Le Mali a annoncé son retrait du G5 Sahel. Comment interpréter cette décision de la junte au pouvoir ?

C’est une décision qui n’est pas très surprenante au vu de la posture adoptée par la junte malienne après le deuxième coup d’Etat du colonel Assimi Goita qui a renversé le président  de la Transition Bah N’daw et le Premier ministre Moctar Ouane en mai 2021. On observe depuis la nomination du Premier ministre Choguel Maiga, qui a pourtant une trajectoire politique très sinueuse, une exacerbation du sentiment nationaliste et souverainiste. D’une part, cela s’est traduit par un bras de fer avec la Cedeao qui a engagé des sanctions contre la junte, qui demeure intransigeant par rapport à son  propre calendrier pour l’organisation des élections. D’autre part  la rupture est presque  totale avec la France : annonce du départ des troupes françaises de l’Opération Barkhane et de la force européenne « Takuba »,  dénonciation des accords de défense qui lient la France au Mali. Sans compter les restrictions apportées maintenant par la junte pour le déploiement de la Minusma, le force déployée par les Nations unies,  qui a de plus en plus mal  à accéder dans certaines zones. Ce retrait du G5 Sahel, organisation, considérée par beaucoup d’observateurs comme ayant largement échoué sur le terrain, mais qui avait quand même le mérite de vouloir mutualiser les forces dans la lutte contre le djihadisme,  entre  donc en droite ligne de cette posture.

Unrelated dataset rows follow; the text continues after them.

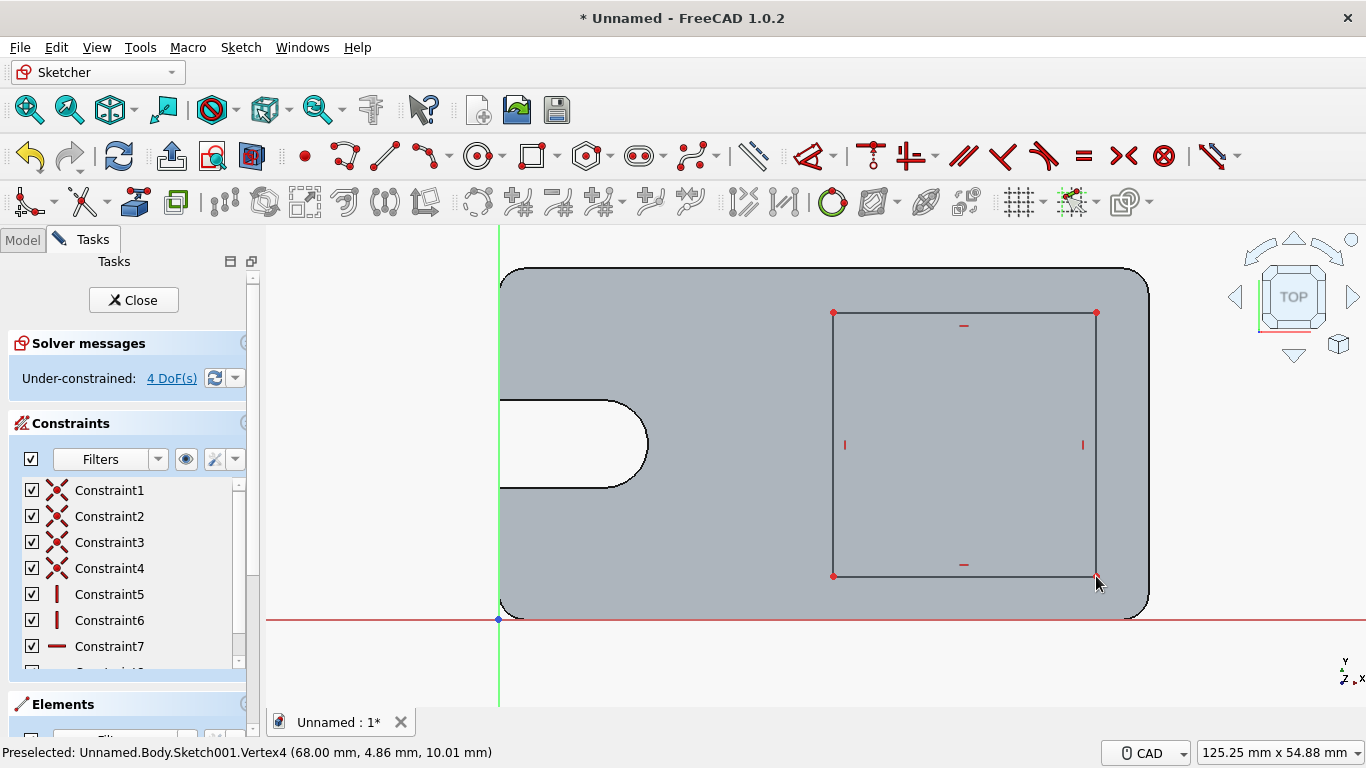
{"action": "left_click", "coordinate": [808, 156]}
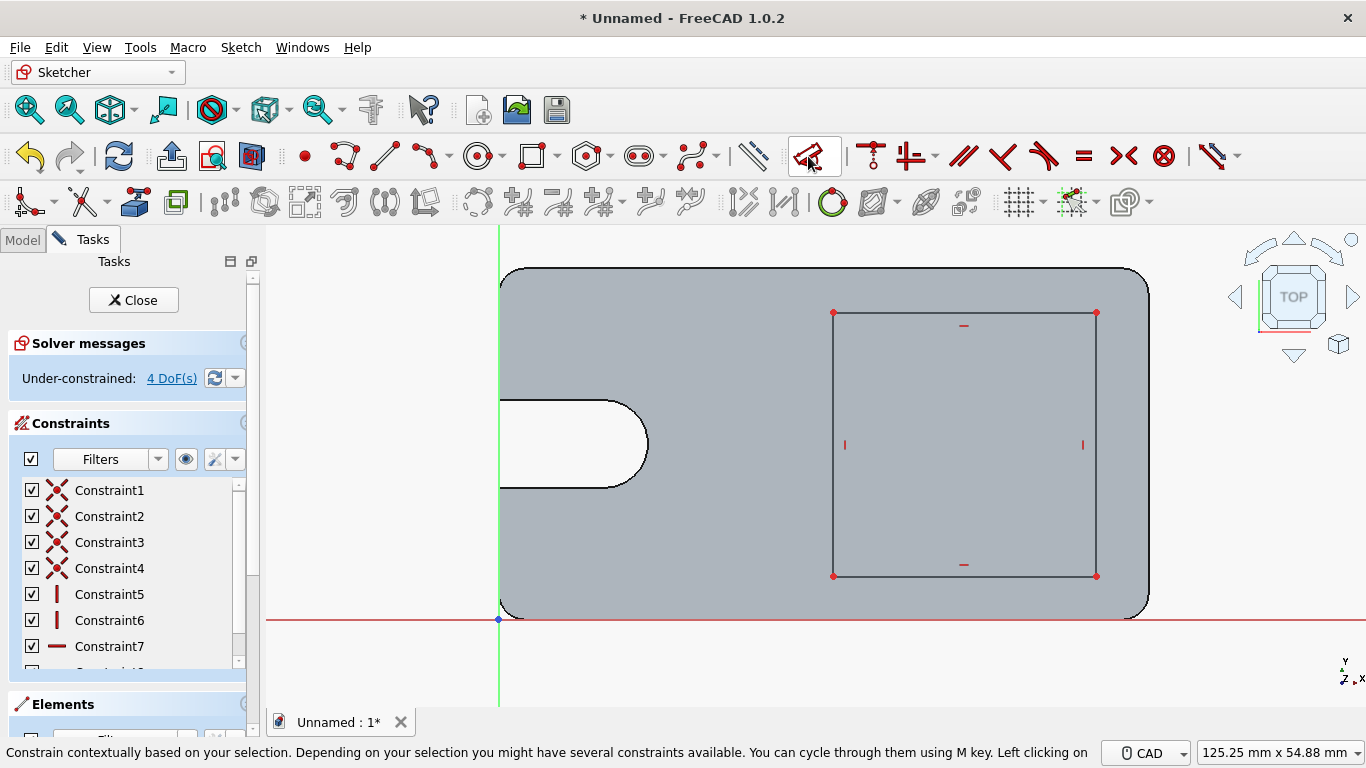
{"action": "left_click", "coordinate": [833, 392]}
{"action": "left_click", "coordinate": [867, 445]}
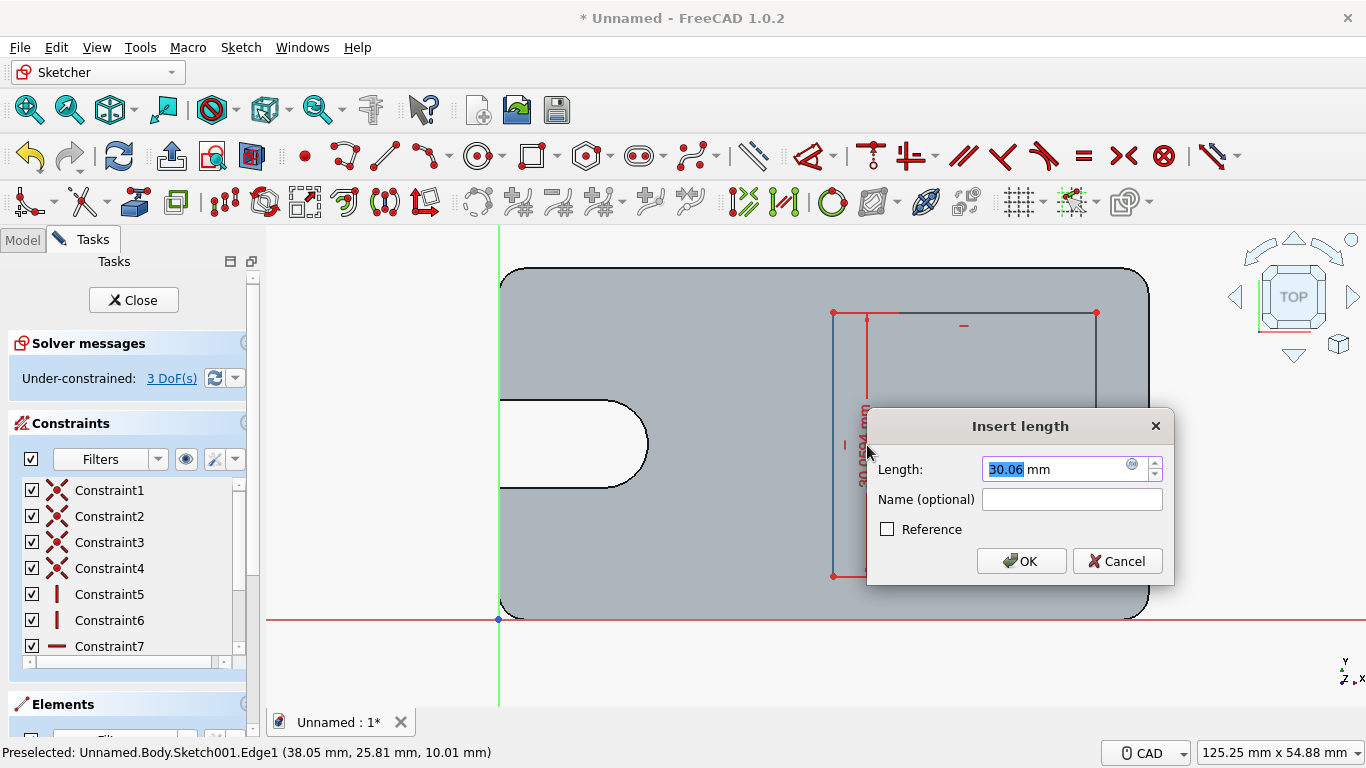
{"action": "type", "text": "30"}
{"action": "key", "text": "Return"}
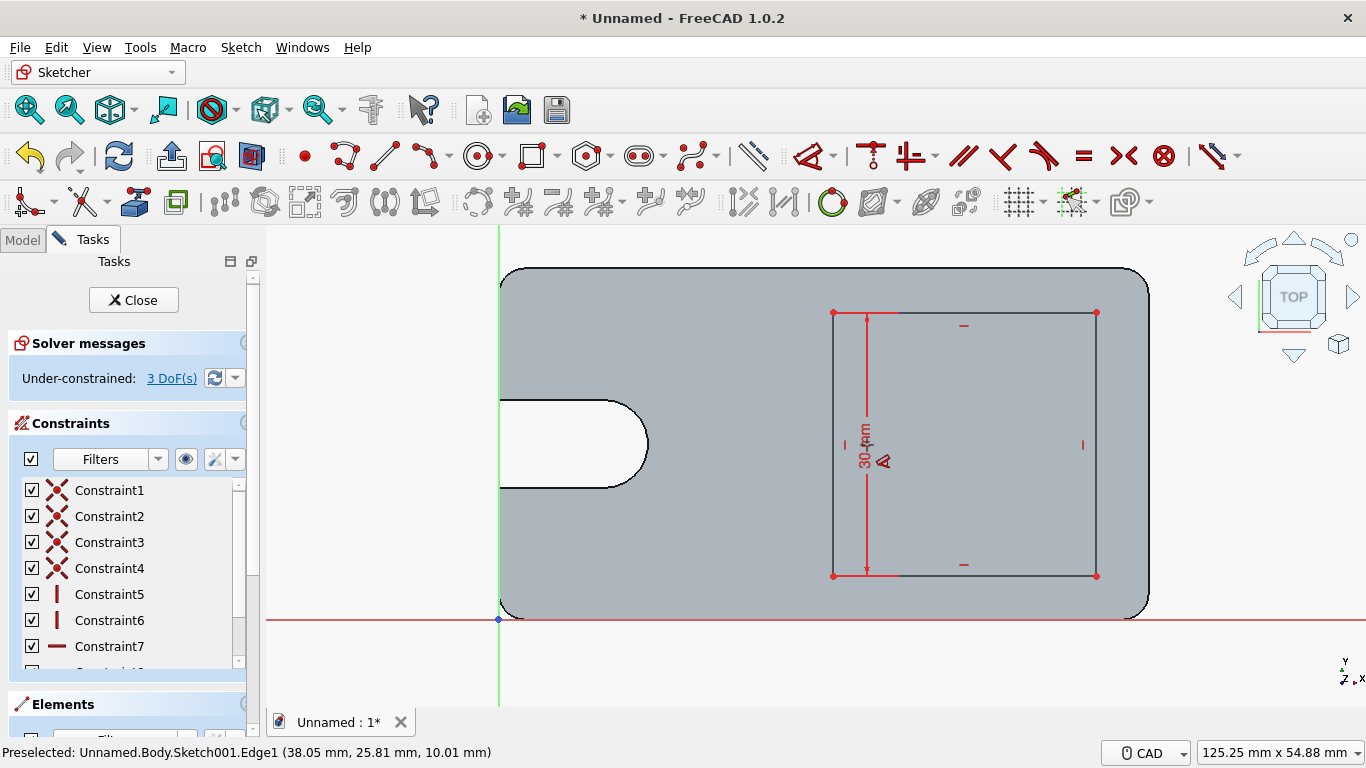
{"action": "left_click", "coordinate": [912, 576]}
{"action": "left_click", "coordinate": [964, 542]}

“Le Mali pourrait  mettre en péril tout le dispositif anti-djihadiste dans le  Sahel”
Le Mali justifie cette décision par le fait que les autres membres ont refusé de lui accorder la présidence de cette organisation régionale. Le Mali vit aussi sous les sanctions de la CEDEAO. Cet isolement du Mali accroît-il les menaces qui pèsent sur la sous-région ?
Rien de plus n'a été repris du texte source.